A) The facts that partially favorable to the Plaintiff’s assertion was partially favorable

According to the statements of Gap evidence 4, Gap evidence 6-2, 3, Gap evidence 8, 9, and 11 and the testimony of the witness BB, the following facts can be acknowledged:

① The Plaintiff resided in the Gunpo-si located in the same area as the location of each land of this case for at least eight years. ② The Plaintiff joined the CCC Cooperatives on March 30, 1983 as a member of the Plaintiff. ③ In the farmland ledger, the Plaintiff stated that the Plaintiff was less than 969 square meters in the Dopo-dong 151 square meters among each land of this case. ④ On April 13, 2009, the Korea Land and Housing Corporation paid agricultural compensation under the premise that the Plaintiff is self-fluoring each land of this case. ⑤ The Korea Land and Housing Corporation paid farmland management members, the Ripo-dong 173-3, the head of the Tongpo-dong 173-4, the Plaintiff, including each land of this case, and the head of the Tongpo-dong 173-4, the Plaintiff directly cultivated the land of this case. ⑤ The witnessB testified testified in this court to the effect that the Plaintiff was self-fluoring each land of this case, or was inconsistent with the Plaintiff’s assertion.

However, the following facts are also acknowledged in light of the aforementioned evidence, Gap evidence 10, Eul evidence 2, Eul evidence 2, and witnessB's testimony as a whole.

① From December 31, 1970 to June 30, 2001, the Plaintiff served as a police officer for a period of 30 years. ② From September 29, 1992 to July 12, 1994, the Plaintiff resided in the GG Hadong-gu, Sungnam-si, Sungnam-si, 1994, within the ownership period of each of the instant lands. ③ The farmland ledger provides that only the amount of 151 Si FFdong 151 and 969 square meters out of each of the instant lands shall be limited to the farmland ledger, and there is no indication as to the remainder of the land. ④ The Plaintiff prepared the farmland ledger only on September 15, 2004, where 15 years elapsed since the Plaintiff acquired the FFdong 151 and 969 square meters, and ② the witness B stated the Plaintiff’s family member as the Plaintiff’s mother’s family member at each of the instant land.

C) Sub-decision

Examining these facts comprehensively in light of the legal principles as seen earlier, the Plaintiff appears to have cultivated on weekends or holidays because it is inevitable for the Plaintiff to concentrate on his duties as a public official. In light of the area of farmland owned by the Plaintiff, it is difficult to view that the Plaintiff had 'direct cultivation' with the same degree of labor force in light of the area of farmland owned by the Plaintiff, and even if the Plaintiff’s family provided the Plaintiff with the labor force required for the farming company during the period of his/her police officer, the Plaintiff’s family labor force cannot be deemed as the Plaintiff’s labor force. In addition, although the Plaintiff asserted that he/she provided the Plaintiff with the labor force required for the farming company since one year prior to his/her retirement. However, the Plaintiff did not submit all objective evidence on his/her own landscape, such as the purchase details of agricultural materials, such as fertilizers and agrochemicals necessary for the direct cultivation of farmland, the details of the production of farmland, etc. for the period of his/her own cultivation, and there is no lack of evidence to acknowledge that the Plaintiff directly acquired the land in this case for more than eight years.

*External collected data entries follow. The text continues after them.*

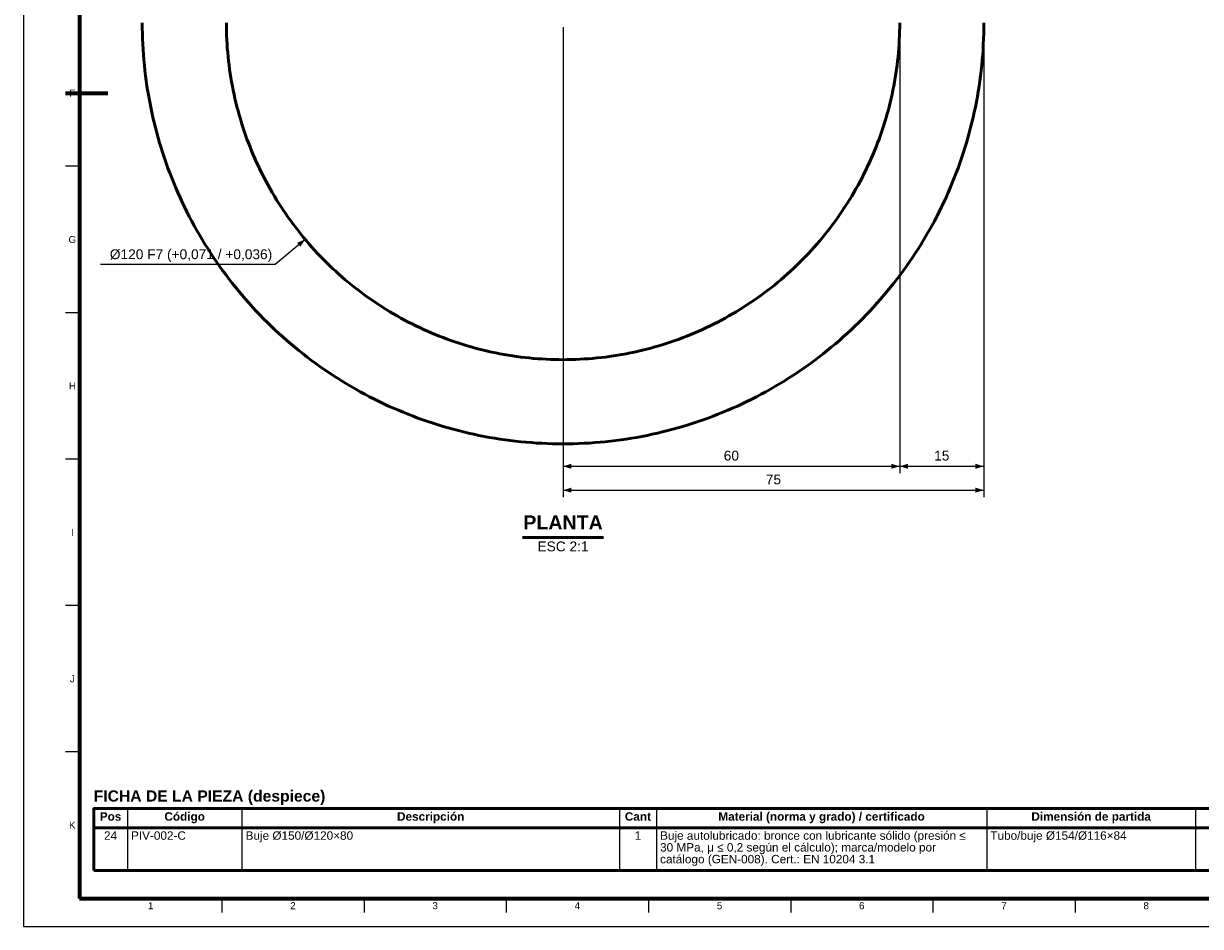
# Model space of a CAD drawing. Header units: millimetres. Extents: x 0 to 841, y 0 to 594.
# Tile 1 of 4: x 0 to 420, y 0 to 322. Entities that reach past the tile are written whole.
import ezdxf
from ezdxf.enums import TextEntityAlignment as Align

# ---------------------------------------------------------------- set-up
doc = ezdxf.new("R2010")
doc.units = ezdxf.units.MM
for name, color, linetype, lineweight in [('COTA', 7, 'CONTINUOUS', 25), ('FINA', 7, 'CONTINUOUS', 25), ('MARCO', 7, 'CONTINUOUS', 70), ('TXT', 7, 'CONTINUOUS', 25), ('VIS', 7, 'CONTINUOUS', 50)]:
    doc.layers.add(name, color=color, linetype=linetype, lineweight=lineweight)
doc.styles.add('STD', font='LiberationSans-Regular.ttf')
doc.styles.add('STDB', font='LiberationSans-Bold.ttf')

msp = doc.modelspace()

# ---------------------------------------------------------------- linework, layer by layer
at = {"layer": 'COTA'}
for p, q in [((192.3, 320.5), (192.3, 161.5)), ((192.3, 320.5), (192.3, 153)), ((312.3, 320.5), (312.3, 161.5)), ((312.3, 320.5), (312.3, 161.5)), ((342.3, 320.5), (342.3, 161.5)), ((342.3, 320.5), (342.3, 153)), ((100.38, 244.87), (89.65, 235.87)), ((89.65, 235.87), (27.41, 235.87)), ((192.3, 164), (312.3, 164)), ((312.3, 164), (342.3, 164)), ((192.3, 155.5), (342.3, 155.5))]:
    msp.add_line(p, q, dxfattribs=at)
for points in [[(100.38, 244.87), (97.5, 243.63), (98.66, 242.25)], [(192.3, 164), (195.3, 163.1), (195.3, 164.9)], [(312.3, 164), (309.3, 164.9), (309.3, 163.1)], [(312.3, 164), (315.3, 163.1), (315.3, 164.9)], [(342.3, 164), (339.3, 164.9), (339.3, 163.1)], [(192.3, 155.5), (195.3, 154.6), (195.3, 156.4)], [(342.3, 155.5), (339.3, 156.4), (339.3, 154.6)]]:
    msp.add_solid(points, dxfattribs=at)
at = {"layer": 'FINA'}
for p, q in [((20, 270.91), (15, 270.91)), ((20, 218.73), (15, 218.73)), ((20, 166.55), (15, 166.55)), ((20, 114.36), (15, 114.36)), ((20, 62.18), (15, 62.18)), ((37.01, 42), (37.01, 20)), ((77.85, 42), (77.85, 20)), ((212.38, 42), (212.38, 20)), ((225.59, 42), (225.59, 20)), ((343.31, 42), (343.31, 20)), ((417.78, 42), (417.78, 20)), ((25, 35.2), (646, 35.2)), ((70.69, 10), (70.69, 5)), ((121.38, 10), (121.38, 5)), ((172.06, 10), (172.06, 5)), ((222.75, 10), (222.75, 5)), ((273.44, 10), (273.44, 5)), ((324.12, 10), (324.12, 5)), ((374.81, 10), (374.81, 5))]:
    msp.add_line(p, q, dxfattribs=at)
msp.add_lwpolyline([(0, 0), (841, 0), (841, 594), (0, 594)], close=True, dxfattribs=at)
at = {"layer": 'MARCO'}
msp.add_line((15, 297), (30, 297), dxfattribs=at)
msp.add_lwpolyline([(20, 10), (831, 10), (831, 584), (20, 584)], close=True, dxfattribs=at)
at = {"layer": 'VIS'}
for p, q in [((177.84, 138.6), (206.77, 138.6)), ((25, 42), (25, 20)), ((25, 20), (646, 20))]:
    msp.add_line(p, q, dxfattribs=at)
for points in [[(42.3, 322), (42.31, 320.12), (42.35, 318.23), (42.41, 316.35), (42.49, 314.46), (42.6, 312.58), (42.73, 310.7), (42.88, 308.82), (43.06, 306.95), (43.26, 305.07), (43.48, 303.2), (43.73, 301.33), (44, 299.47), (44.3, 297.6), (44.62, 295.75), (44.96, 293.89), (45.32, 292.04), (45.71, 290.2), (46.12, 288.36), (46.56, 286.53), (47.01, 284.7), (47.49, 282.87), (48, 281.06), (48.52, 279.25), (49.07, 277.44), (49.64, 275.65), (50.24, 273.86), (50.85, 272.08), (51.49, 270.3), (52.15, 268.54), (52.83, 266.78), (53.54, 265.03), (54.27, 263.29), (55.02, 261.56), (55.79, 259.84), (56.58, 258.13), (57.39, 256.43), (58.23, 254.74), (59.08, 253.06), (59.96, 251.39), (60.86, 249.74), (61.77, 248.09), (62.71, 246.46), (63.67, 244.83), (64.65, 243.22), (65.65, 241.63), (66.67, 240.04), (67.71, 238.47), (68.77, 236.91), (69.85, 235.36), (70.95, 233.83), (72.07, 232.31), (73.2, 230.81), (74.36, 229.32), (75.53, 227.85), (76.72, 226.39), (77.93, 224.94), (79.16, 223.51), (80.41, 222.1), (81.67, 220.7), (82.96, 219.32), (84.25, 217.95), (85.57, 216.6), (86.9, 215.27), (88.25, 213.95), (89.62, 212.65), (91, 211.37), (92.4, 210.11), (93.81, 208.86), (95.24, 207.63), (96.69, 206.42), (98.15, 205.23), (99.62, 204.06), (101.11, 202.9), (102.62, 201.76), (104.13, 200.65), (105.67, 199.55), (107.21, 198.47), (108.77, 197.41), (110.34, 196.37), (111.93, 195.35), (113.53, 194.35), (115.14, 193.37), (116.76, 192.41), (118.39, 191.47), (120.04, 190.55), (121.7, 189.66), (123.36, 188.78), (125.04, 187.92), (126.73, 187.09), (128.43, 186.28), (130.14, 185.48), (131.87, 184.71), (133.6, 183.97), (135.33, 183.24), (137.08, 182.53), (138.84, 181.85), (140.6, 181.19), (142.38, 180.55), (144.16, 179.94), (145.95, 179.34), (147.75, 178.77), (149.55, 178.22), (151.36, 177.7), (153.18, 177.19), (155, 176.71), (156.83, 176.26), (158.66, 175.82), (160.5, 175.41), (162.34, 175.02), (164.19, 174.66), (166.05, 174.32), (167.91, 174), (169.77, 173.7), (171.63, 173.43), (173.5, 173.18), (175.37, 172.96), (177.25, 172.76), (179.12, 172.58), (181, 172.43), (182.88, 172.3), (184.76, 172.19), (186.65, 172.11), (188.53, 172.05), (190.42, 172.01), (192.3, 172), (194.19, 172.01), (196.07, 172.05), (197.95, 172.11), (199.84, 172.19), (201.72, 172.3), (203.6, 172.43), (205.48, 172.58), (207.36, 172.76), (209.23, 172.96), (211.1, 173.18), (212.97, 173.43), (214.84, 173.7), (216.7, 174), (218.55, 174.32), (220.41, 174.66), (222.26, 175.02), (224.1, 175.41), (225.94, 175.82), (227.78, 176.26), (229.6, 176.71), (231.43, 177.19), (233.24, 177.7), (235.05, 178.22), (236.86, 178.77), (238.65, 179.34), (240.44, 179.94), (242.22, 180.55), (244, 181.19), (245.76, 181.85), (247.52, 182.53), (249.27, 183.24), (251.01, 183.97), (252.74, 184.71), (254.46, 185.48), (256.17, 186.28), (257.87, 187.09), (259.56, 187.92), (261.24, 188.78), (262.91, 189.66), (264.56, 190.55), (266.21, 191.47), (267.84, 192.41), (269.47, 193.37), (271.08, 194.35), (272.68, 195.35), (274.26, 196.37), (275.83, 197.41), (277.39, 198.47), (278.94, 199.55), (280.47, 200.65), (281.99, 201.76), (283.49, 202.9), (284.98, 204.06), (286.46, 205.23), (287.91, 206.42), (289.36, 207.63), (290.79, 208.86), (292.2, 210.11), (293.6, 211.37), (294.98, 212.65), (296.35, 213.95), (297.7, 215.27), (299.03, 216.6), (300.35, 217.95), (301.65, 219.32), (302.93, 220.7), (304.19, 222.1), (305.44, 223.51), (306.67, 224.94), (307.88, 226.39), (309.07, 227.85), (310.24, 229.32), (311.4, 230.81), (312.54, 232.31), (313.65, 233.83), (314.75, 235.36), (315.83, 236.91), (316.89, 238.47), (317.93, 240.04), (318.95, 241.63), (319.95, 243.22), (320.93, 244.83), (321.89, 246.46), (322.83, 248.09), (323.75, 249.74), (324.65, 251.39), (325.52, 253.06), (326.38, 254.74), (327.21, 256.43), (328.03, 258.13), (328.82, 259.84), (329.59, 261.56), (330.34, 263.29), (331.06, 265.03), (331.77, 266.78), (332.45, 268.54), (333.11, 270.3), (333.75, 272.08), (334.37, 273.86), (334.96, 275.65), (335.53, 277.44), (336.08, 279.25), (336.61, 281.06), (337.11, 282.87), (337.59, 284.7), (338.05, 286.53), (338.48, 288.36), (338.89, 290.2), (339.28, 292.04), (339.64, 293.89), (339.99, 295.75), (340.3, 297.6), (340.6, 299.47), (340.87, 301.33), (341.12, 303.2), (341.34, 305.07), (341.54, 306.95), (341.72, 308.82), (341.88, 310.7), (342.01, 312.58), (342.11, 314.46), (342.19, 316.35), (342.25, 318.23), (342.29, 320.12), (342.3, 322)], [(72.3, 322), (72.31, 320.49), (72.34, 318.98), (72.39, 317.48), (72.45, 315.97), (72.54, 314.47), (72.64, 312.96), (72.77, 311.46), (72.91, 309.96), (73.07, 308.46), (73.25, 306.96), (73.45, 305.47), (73.66, 303.97), (73.9, 302.48), (74.15, 301), (74.43, 299.51), (74.72, 298.03), (75.03, 296.56), (75.36, 295.09), (75.71, 293.62), (76.07, 292.16), (76.46, 290.7), (76.86, 289.25), (77.28, 287.8), (77.72, 286.36), (78.17, 284.92), (78.65, 283.49), (79.14, 282.06), (79.65, 280.64), (80.18, 279.23), (80.73, 277.83), (81.29, 276.43), (81.87, 275.04), (82.47, 273.65), (83.09, 272.27), (83.72, 270.91), (84.37, 269.55), (85.04, 268.19), (85.72, 266.85), (86.43, 265.52), (87.14, 264.19), (87.88, 262.87), (88.63, 261.57), (89.4, 260.27), (90.18, 258.98), (90.98, 257.7), (91.8, 256.43), (92.63, 255.17), (93.48, 253.93), (94.34, 252.69), (95.22, 251.47), (96.11, 250.25), (97.02, 249.05), (97.95, 247.86), (98.89, 246.68), (99.84, 245.51), (100.81, 244.35), (101.79, 243.21), (102.79, 242.08), (103.8, 240.96), (104.83, 239.85), (105.86, 238.76), (106.92, 237.68), (107.98, 236.62), (109.06, 235.56), (110.16, 234.52), (111.26, 233.5), (112.38, 232.49), (113.51, 231.49), (114.65, 230.51), (115.81, 229.54), (116.98, 228.58), (118.16, 227.65), (119.35, 226.72), (120.55, 225.81), (121.77, 224.92), (122.99, 224.04), (124.23, 223.18), (125.48, 222.33), (126.73, 221.5), (128, 220.68), (129.28, 219.88), (130.57, 219.1), (131.87, 218.33), (133.17, 217.58), (134.49, 216.84), (135.82, 216.13), (137.15, 215.42), (138.5, 214.74), (139.85, 214.07), (141.21, 213.42), (142.58, 212.79), (143.95, 212.17), (145.34, 211.57), (146.73, 210.99), (148.13, 210.43), (149.53, 209.88), (150.94, 209.35), (152.36, 208.84), (153.79, 208.35), (155.22, 207.87), (156.66, 207.42), (158.1, 206.98), (159.55, 206.56), (161, 206.15), (162.46, 205.77), (163.92, 205.4), (165.39, 205.06), (166.86, 204.73), (168.34, 204.42), (169.82, 204.13), (171.3, 203.85), (172.78, 203.6), (174.27, 203.36), (175.77, 203.14), (177.26, 202.95), (178.76, 202.77), (180.26, 202.61), (181.76, 202.46), (183.26, 202.34), (184.77, 202.24), (186.27, 202.15), (187.78, 202.09), (189.29, 202.04), (190.79, 202.01), (192.3, 202), (193.81, 202.01), (195.32, 202.04), (196.82, 202.09), (198.33, 202.15), (199.84, 202.24), (201.34, 202.34), (202.84, 202.46), (204.34, 202.61), (205.84, 202.77), (207.34, 202.95), (208.84, 203.14), (210.33, 203.36), (211.82, 203.6), (213.3, 203.85), (214.79, 204.13), (216.27, 204.42), (217.74, 204.73), (219.21, 205.06), (220.68, 205.4), (222.14, 205.77), (223.6, 206.15), (225.06, 206.56), (226.5, 206.98), (227.95, 207.42), (229.38, 207.87), (230.81, 208.35), (232.24, 208.84), (233.66, 209.35), (235.07, 209.88), (236.48, 210.43), (237.87, 210.99), (239.27, 211.57), (240.65, 212.17), (242.03, 212.79), (243.39, 213.42), (244.76, 214.07), (246.11, 214.74), (247.45, 215.42), (248.79, 216.13), (250.11, 216.84), (251.43, 217.58), (252.74, 218.33), (254.03, 219.1), (255.32, 219.88), (256.6, 220.68), (257.87, 221.5), (259.13, 222.33), (260.37, 223.18), (261.61, 224.04), (262.84, 224.92), (264.05, 225.81), (265.25, 226.72), (266.44, 227.65), (267.62, 228.58), (268.79, 229.54), (269.95, 230.51), (271.09, 231.49), (272.22, 232.49), (273.34, 233.5), (274.45, 234.52), (275.54, 235.56), (276.62, 236.62), (277.69, 237.68), (278.74, 238.76), (279.78, 239.85), (280.8, 240.96), (281.81, 242.08), (282.81, 243.21), (283.79, 244.35), (284.76, 245.51), (285.72, 246.68), (286.66, 247.86), (287.58, 249.05), (288.49, 250.25), (289.38, 251.47), (290.26, 252.69), (291.13, 253.93), (291.97, 255.17), (292.8, 256.43), (293.62, 257.7), (294.42, 258.98), (295.2, 260.27), (295.97, 261.57), (296.72, 262.87), (297.46, 264.19), (298.18, 265.52), (298.88, 266.85), (299.56, 268.19), (300.23, 269.55), (300.88, 270.91), (301.51, 272.27), (302.13, 273.65), (302.73, 275.04), (303.31, 276.43), (303.87, 277.83), (304.42, 279.23), (304.95, 280.64), (305.46, 282.06), (305.95, 283.49), (306.43, 284.92), (306.89, 286.36), (307.32, 287.8), (307.74, 289.25), (308.15, 290.7), (308.53, 292.16), (308.9, 293.62), (309.24, 295.09), (309.57, 296.56), (309.88, 298.03), (310.18, 299.51), (310.45, 301), (310.7, 302.48), (310.94, 303.97), (311.16, 305.47), (311.36, 306.96), (311.53, 308.46), (311.7, 309.96), (311.84, 311.46), (311.96, 312.96), (312.06, 314.47), (312.15, 315.97), (312.22, 317.48), (312.26, 318.98), (312.29, 320.49), (312.3, 322)]]:
    msp.add_lwpolyline(points, dxfattribs=at)
msp.add_lwpolyline([(25, 35.2), (646, 35.2), (646, 42), (25, 42)], close=True, dxfattribs=at)

# ---------------------------------------------------------------- texts
at = {"layer": 'TXT'}
for s, height, style, p in [('F', 2.5, 'STD', (17.4, 297)), ('G', 2.5, 'STD', (17.4, 244.82)), ('H', 2.5, 'STD', (17.4, 192.64)), ('I', 2.5, 'STD', (17.4, 140.45)), ('J', 2.5, 'STD', (17.4, 88.27)), ('Pos', 3, 'STDB', (31.01, 39.2)), ('Código', 3, 'STDB', (57.43, 39.2)), ('Descripción', 3, 'STDB', (145.12, 39.2)), ('Cant', 3, 'STDB', (218.99, 39.2)), ('Material (norma y grado) / certificado', 3, 'STDB', (284.45, 39.2)), ('Dimensión de partida', 3, 'STDB', (380.54, 39.2)), ('K', 2.5, 'STD', (17.4, 36.09)), ('24', 3, 'STD', (31.01, 32.4)), ('1', 3, 'STD', (218.99, 32.4)), ('1', 2.5, 'STD', (45.34, 7.4)), ('2', 2.5, 'STD', (96.03, 7.4)), ('3', 2.5, 'STD', (146.72, 7.4)), ('4', 2.5, 'STD', (197.41, 7.4)), ('5', 2.5, 'STD', (248.09, 7.4)), ('6', 2.5, 'STD', (298.78, 7.4)), ('7', 2.5, 'STD', (349.47, 7.4)), ('8', 2.5, 'STD', (400.16, 7.4))]:
    msp.add_text(s, height=height, dxfattribs=dict(at, style=style)).set_placement(p, align=Align.MIDDLE_CENTER)
at = {"layer": 'TXT', "style": 'STD'}
msp.add_text('Ø120 F7 (+0,071 / +0,036)', height=3.5, dxfattribs=at).set_placement((88.65, 236.77), align=Align.BOTTOM_RIGHT)
at = {"layer": 'TXT'}
for s, height, style, p in [('60', 3.5, 'STD', (252.3, 165)), ('15', 3.5, 'STD', (327.3, 165)), ('75', 3.5, 'STD', (267.3, 156.5)), ('PLANTA', 5, 'STDB', (192.3, 140))]:
    msp.add_text(s, height=height, dxfattribs=dict(at, style=style)).set_placement(p, align=Align.BOTTOM_CENTER)
at = {"layer": 'TXT', "style": 'STD'}
msp.add_text('ESC 2:1', height=3.5, dxfattribs=at).set_placement((192.3, 137.2), align=Align.TOP_CENTER)
at = {"layer": 'TXT', "style": 'STDB'}
msp.add_text('FICHA DE LA PIEZA (despiece)', height=4, dxfattribs=at).set_placement((25, 48.5), align=Align.TOP_LEFT)
at = {"layer": 'TXT', "style": 'STD'}
for s, p in [('PIV-002-C', (38.31, 32.4)), ('Buje Ø150/Ø120×80', (79.15, 32.4)), ('Buje autolubricado: bronce con lubricante sólido (presión ≤', (226.89, 32.4)), ('Tubo/buje Ø154/Ø116×84', (344.61, 32.4)), ('30 MPa, μ ≤ 0,2 según el cálculo); marca/modelo por', (226.89, 28.2)), ('catálogo (GEN-008). Cert.: EN 10204 3.1', (226.89, 24))]:
    msp.add_text(s, height=3, dxfattribs=at).set_placement(p, align=Align.MIDDLE_LEFT)

doc.saveas('drawing.dxf')

3) Therefore, the instant disposition that rejected the Plaintiff’s request for rectification of transfer income tax without applying the reduction or exemption provision on the ground that the instant land does not constitute “farmland cultivated directly for not less than eight years.”

3. Conclusion

Therefore, the plaintiff's claim of this case is dismissed as it is without merit, and it is so decided as per Disposition.